#### THE TASK
Extract, exactly as written, each line from the start of the records below to the line containing "Requested: 3D boxes", both ends included; drop the pictures.

[Records from a data source]

********

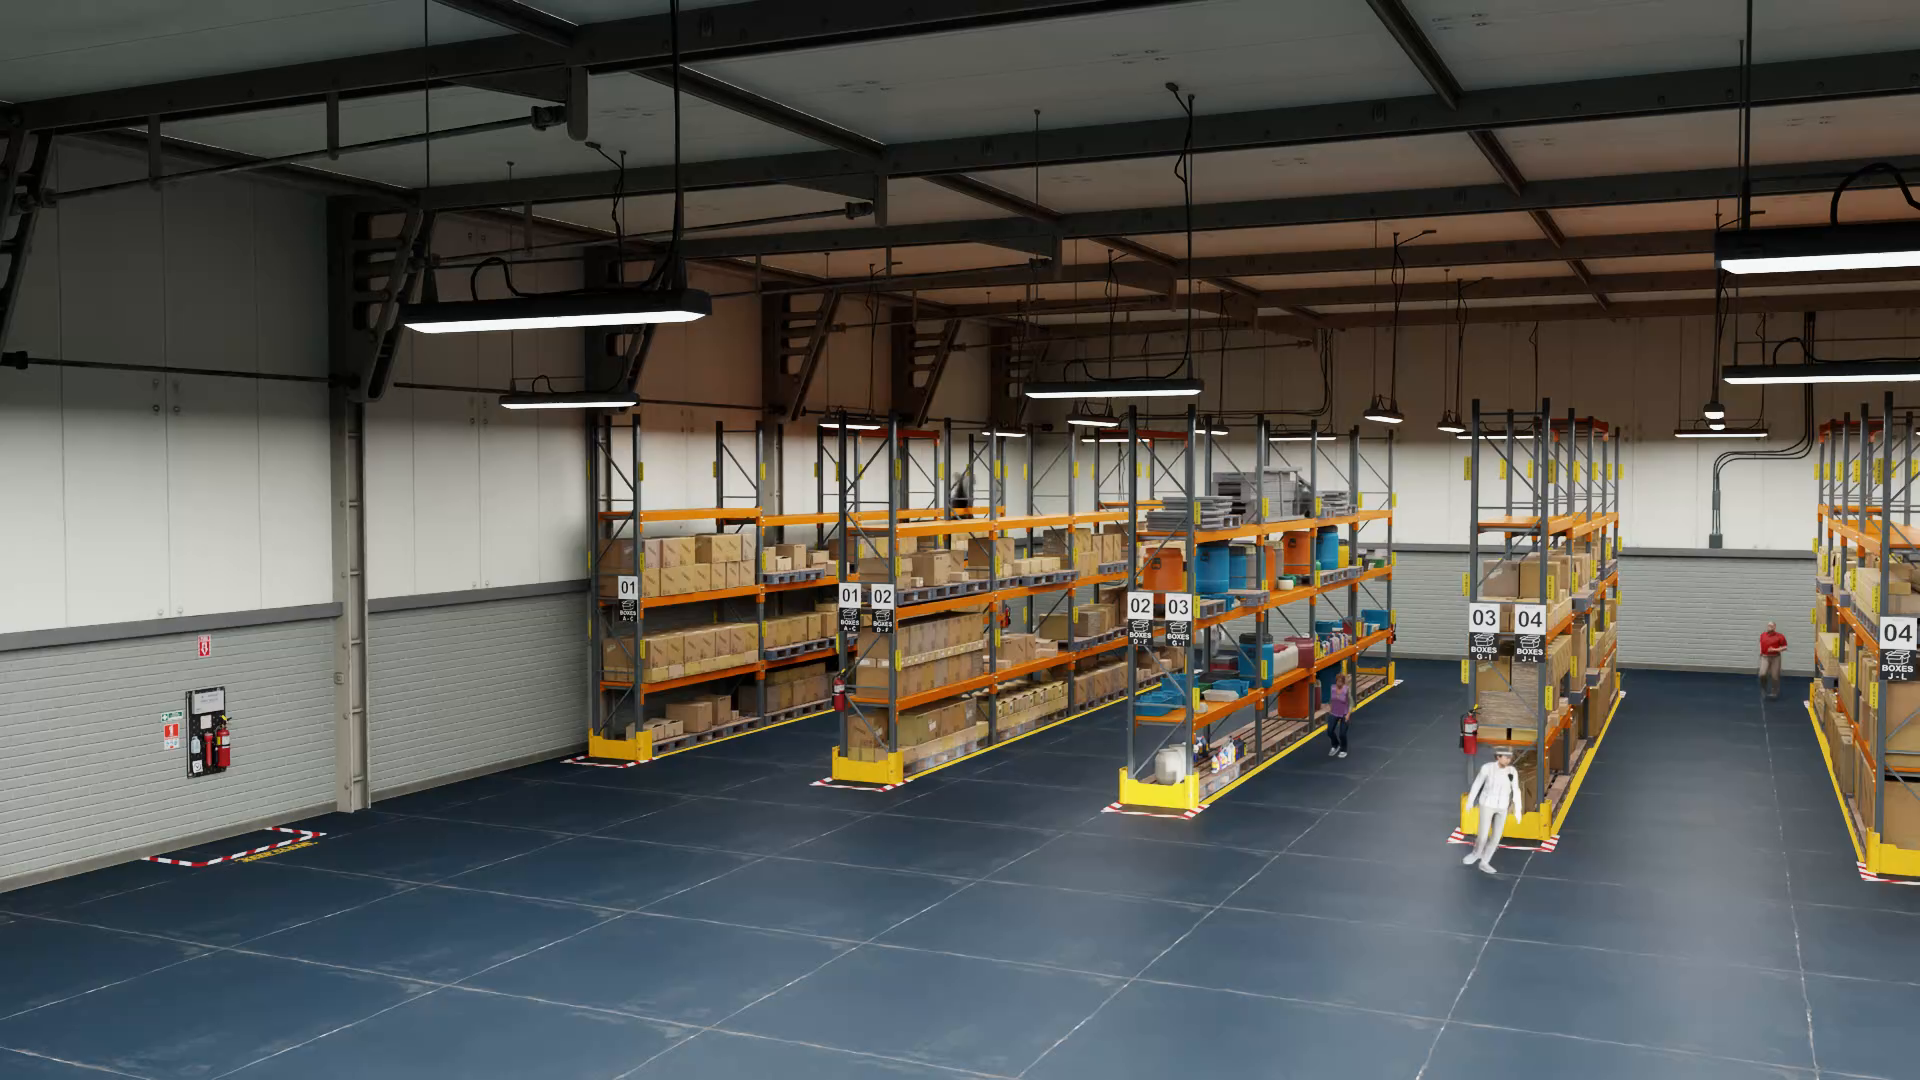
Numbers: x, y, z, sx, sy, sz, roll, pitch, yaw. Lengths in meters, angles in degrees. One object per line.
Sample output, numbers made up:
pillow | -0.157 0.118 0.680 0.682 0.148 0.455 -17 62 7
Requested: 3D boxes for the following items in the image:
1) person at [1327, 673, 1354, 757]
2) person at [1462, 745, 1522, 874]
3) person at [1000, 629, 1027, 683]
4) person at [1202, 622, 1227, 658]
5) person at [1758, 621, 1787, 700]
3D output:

********

#### OUTPUT FOR THIS EXERCISE
Numbers: x, y, z, sx, sy, sz, roll, pitch, yaw. Lengths in meters, angles in degrees. One object per line.
Sample output, numbers made up:
pillow | -0.157 0.118 0.680 0.682 0.148 0.455 -17 62 7
Requested: 3D boxes for the following items in the image:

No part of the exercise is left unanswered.